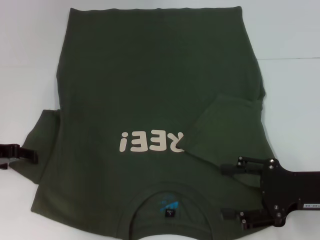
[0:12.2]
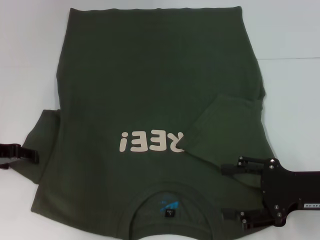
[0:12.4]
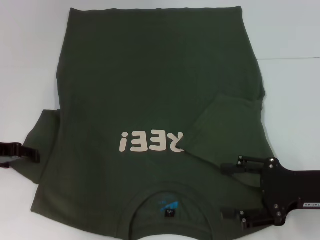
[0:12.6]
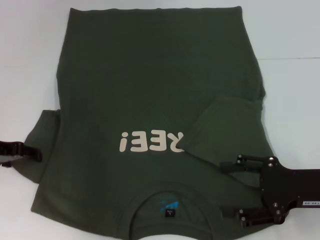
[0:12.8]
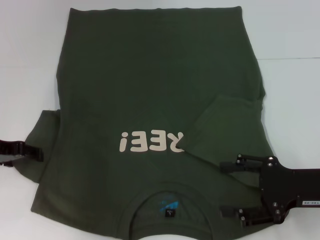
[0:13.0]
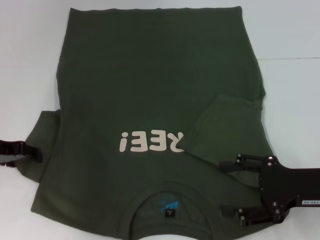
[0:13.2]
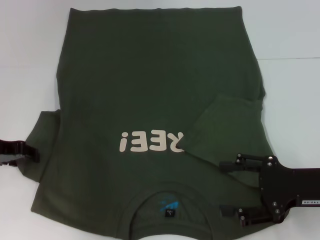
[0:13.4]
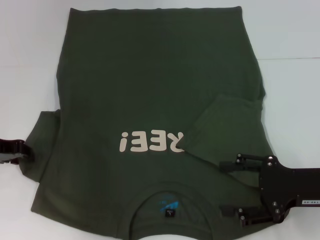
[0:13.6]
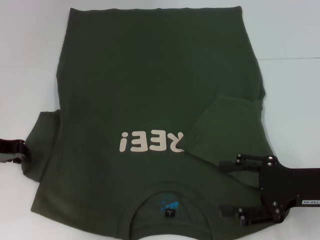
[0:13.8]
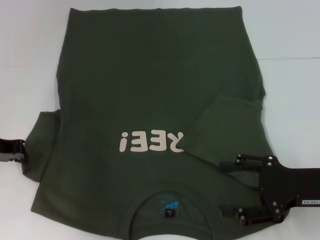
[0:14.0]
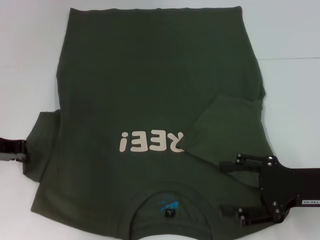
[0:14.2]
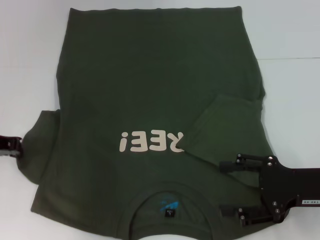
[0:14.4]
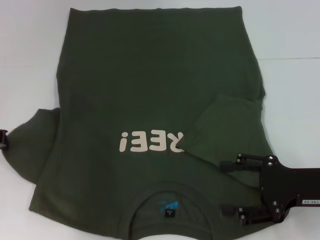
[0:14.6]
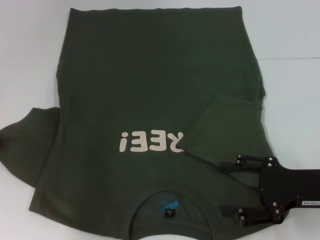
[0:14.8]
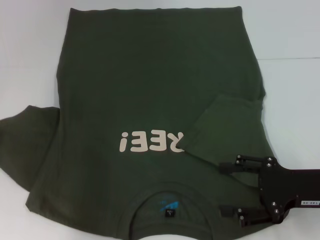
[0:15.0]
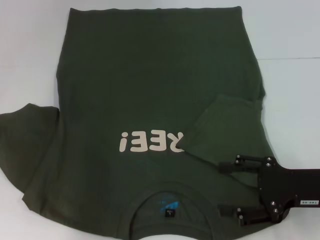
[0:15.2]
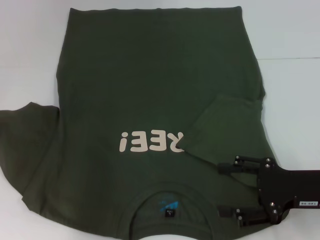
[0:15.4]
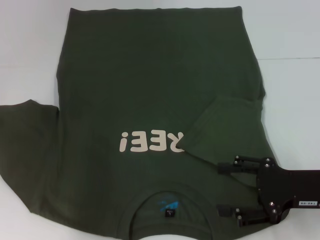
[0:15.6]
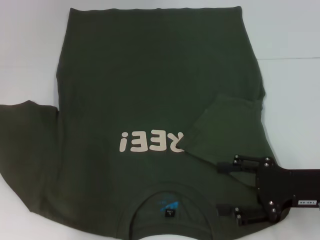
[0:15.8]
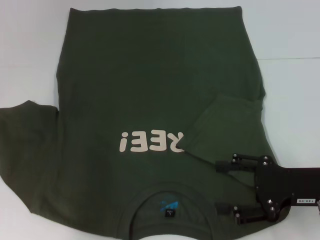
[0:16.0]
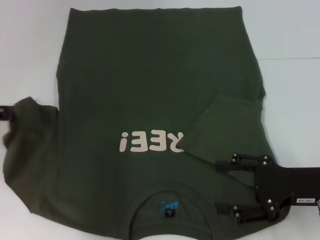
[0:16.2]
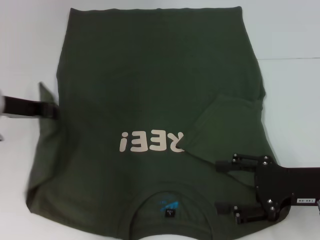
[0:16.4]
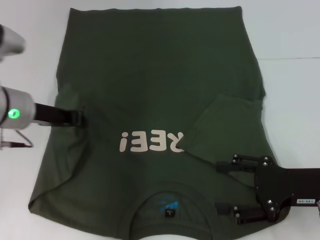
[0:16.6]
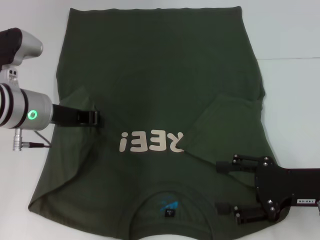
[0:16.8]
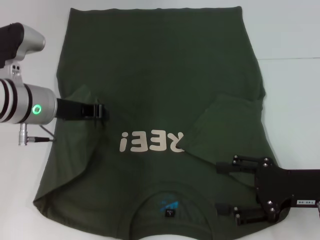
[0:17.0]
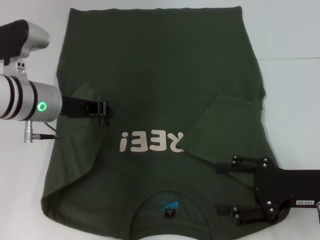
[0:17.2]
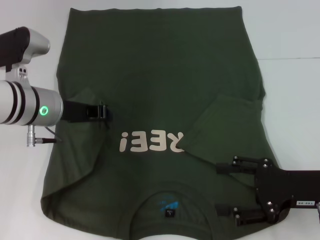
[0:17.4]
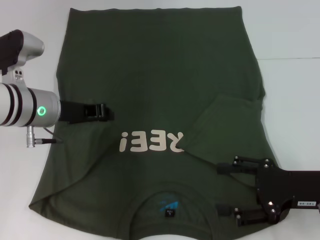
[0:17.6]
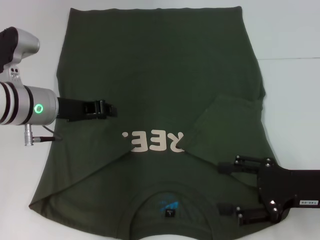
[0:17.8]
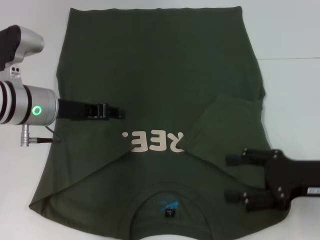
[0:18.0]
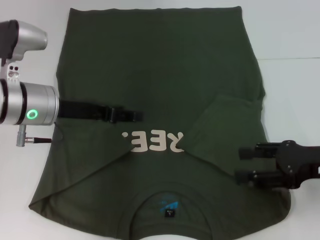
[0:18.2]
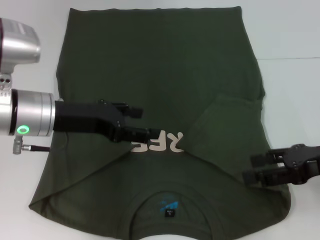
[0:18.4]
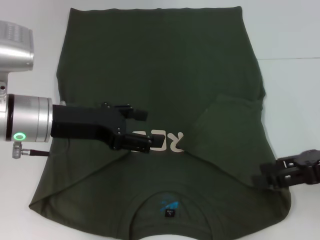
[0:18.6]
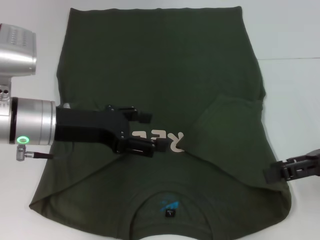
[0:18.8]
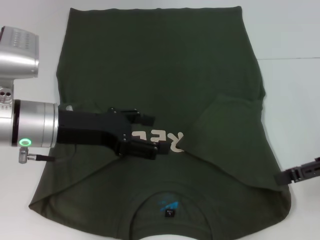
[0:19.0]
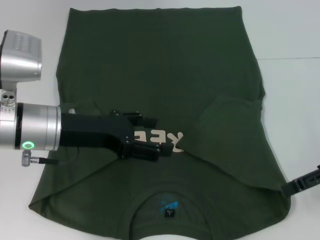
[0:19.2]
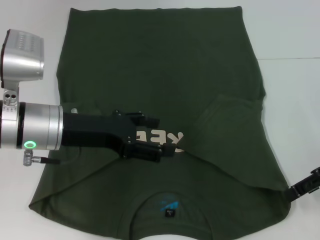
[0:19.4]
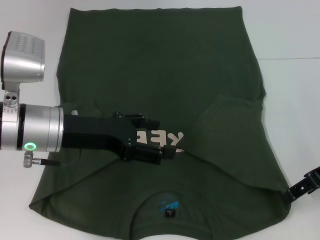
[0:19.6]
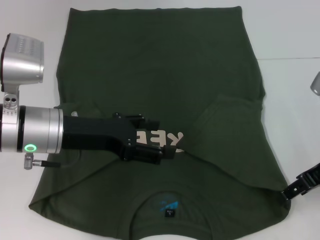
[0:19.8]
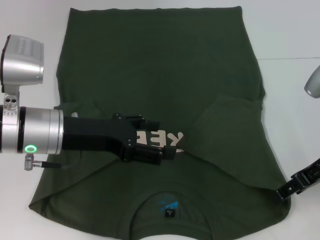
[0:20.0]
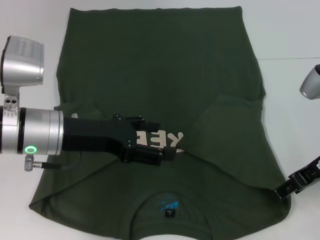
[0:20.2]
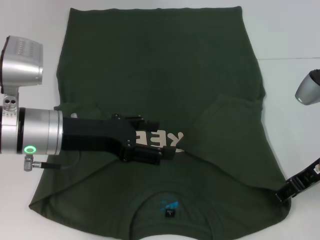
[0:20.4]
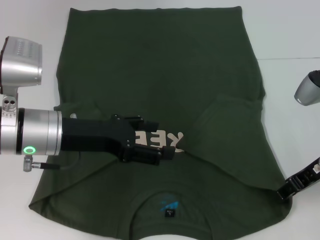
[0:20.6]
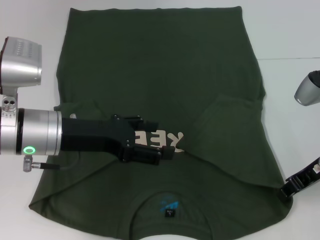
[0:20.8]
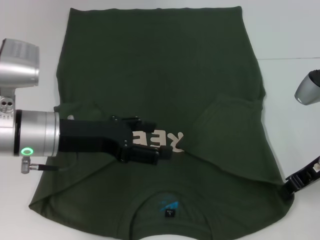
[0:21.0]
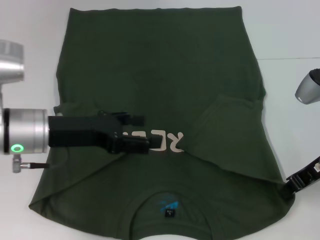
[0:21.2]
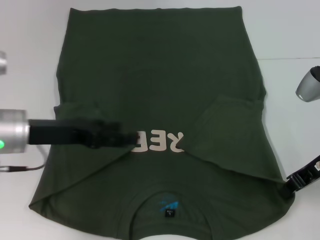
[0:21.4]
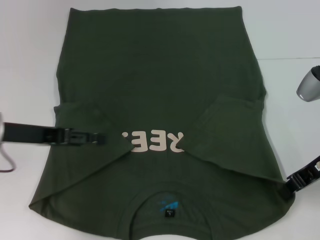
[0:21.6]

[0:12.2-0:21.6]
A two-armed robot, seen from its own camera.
Step, 0:12.2 to 0:18.0: Fold the bottom left sleeve with your left hand.
Step, 0:18.2 to 0:21.0: Grab the bottom right corner with your right hand.
0:12.2 to 0:13.8: The left gripper closes.
0:13.8 to 0:15.4: The left gripper closes.
0:15.4 to 0:17.0: The left gripper travels to the right by about 15 cm.
0:17.0 to 0:18.4: The left gripper opens up, while the right gripper is displaced upward by some 5 cm.
0:18.4 to 0:20.0: The left gripper opens its fingers. The right gripper ends up about 5 cm from where it was.
0:20.0 to 0:21.6: The right gripper closes, while the left gripper is displaced to the left by roughly 5 cm.

• • •

Assignment:
Any pictures should be dropped; transcribe the rest of the records above exactly.

Response:
[0:12.2]
[0:12.4]
[0:12.6]
[0:12.8]
[0:13.0]
[0:13.2]
[0:13.4]
[0:13.6]
[0:13.8]
[0:14.0]
[0:14.2]
[0:14.4]
[0:14.6]
[0:14.8]
[0:15.0]
[0:15.2]
[0:15.4]
[0:15.6]
[0:15.8]
[0:16.0]
[0:16.2]
[0:16.4]
[0:16.6]
[0:16.8]
[0:17.0]
[0:17.2]
[0:17.4]
[0:17.6]
[0:17.8]
[0:18.0]
[0:18.2]
[0:18.4]
[0:18.6]
[0:18.8]
[0:19.0]
[0:19.2]
[0:19.4]
[0:19.6]
[0:19.8]
[0:20.0]
[0:20.2]
[0:20.4]
[0:20.6]
[0:20.8]
[0:21.0]
[0:21.2]
[0:21.4]
[0:21.6]

[0:12.2-0:21.6]
A two-armed robot, seen from its own camera.
Step, 0:12.2 to 0:18.0: Fold the bottom left sleeve with your left hand.
Step, 0:18.2 to 0:21.0: Grab the bottom right corner with your right hand.
0:12.2 to 0:13.8: The left gripper closes.
0:13.8 to 0:15.4: The left gripper closes.
0:15.4 to 0:17.0: The left gripper travels to the right by about 15 cm.
0:17.0 to 0:18.4: The left gripper opens up, while the right gripper is displaced upward by some 5 cm.
0:18.4 to 0:20.0: The left gripper opens its fingers. The right gripper ends up about 5 cm from where it was.
0:20.0 to 0:21.6: The right gripper closes, while the left gripper is displaced to the left by roughly 5 cm.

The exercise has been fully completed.